For this article, I will interchange the terms “fitness ball” and “stability ball Exercises,” because according to Wikipedia, people have applied these two terms, among many, to the exercise ball. I will be addressing actual ball workouts for use with this versatile piece of inflatable vinyl exercise equipment that has rolled its way into the hearts of many fitness enthusiasts.
First, when purchasing your fitness ball, know your height and weight to fit the ball to your size. If you weigh more than 200 pounds, as many men do, I would suggest buying a burst-resistant ball. Balls come in 3 basic sizes; 55 cm for 5’ 4” and under, 65 cm for 5’5” to 5’11” and 75 cm for 6’ and above.
Second, before you being your 10 fitness ball workouts, your first attempt to use the ball will be very difficult. It will tend to roll away from you and perhaps cause a nasty fall. For your early workouts, you may hold the ball against a wall or something flat, or you may place one hand on either side of the ball to steady it.
Ten Fitness Ball Exercises
To those of you who are familiar with other types of exercises, say abs workouts or weight training, you may recognize some of the exercises or workout names, and other forms of exercises with a fitness ball that you have already incorporated into your workout routine.
Here are the ten stability ball workouts, along with the affected muscle groups. The movements focus on stability and balance, which will involve the greatest number of muscles.
In fact, the workouts benefit both the targeted muscle groups and the stabilizing muscles, allowing you to burn many more calories than performing the original routines alone.
1) Squats with an Exercise Ball; these benefit lower back, glutes, thigh and leg muscles.
2) Birddogs with an Exercise Ball; these help with balance.
3) Supine Bridges with an Exercise Ball; they work the abs, back, hips, glutes and thighs.
4) Push-ups with an Exercise Ball; we military veterans remember the good old push-up and how its movement worked our arms, chests and upper backs. These are push-ups “on steroids.”
5) Abdominal Tucks with an Exercise Ball; as suggested, these work your ab and core muscles. **CAUTION** this is an inverted position, meaning that you will be practically standing on your hands. If you have high blood pressure or wrist pain from previously broken wrists, DO NOT do this exercise. Find another abs workout to suit you.

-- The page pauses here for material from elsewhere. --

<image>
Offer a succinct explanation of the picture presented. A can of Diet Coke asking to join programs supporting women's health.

6) Hamstring Curls with an Exercise Ball; they work hips and thighs.
7) Crunches with an Exercise Ball; they provide an ab workout.
8) Walk-outs with an Exercise Ball; they provide strength to the upper body, similar to the push-ups.
9) Balance with an Exercise Ball; just as the name says, it strengthens your balance.
10) T, Y, I with an Exercise Ball; this interesting exercise starts with you lying prone on the ball, moving your arms outward at your sides for the T, then tells you to lift your arms upward into a Y position. Finally, you clasp hands above your head.
In addition, if you like doing presses, replace the bench with the ball, and do some of the stability ball exercises with weights or other exercise tools.
If you decide to buy your fitness ball, be sure to have plenty of water for hydration and sit and rest between ball exercises. There are many sources for free Fitness Ball workouts here on our website.
Take your time when selecting your exercises and workouts, and be sure to match them with your size, weight, age and level of fitness. If you don’t apply yourself, you will not see any benefit, and if you try to do too much at one time, you will end-up injuring yourself. So take your Fitness Ball Exercises one step at a time and you'll do just fine!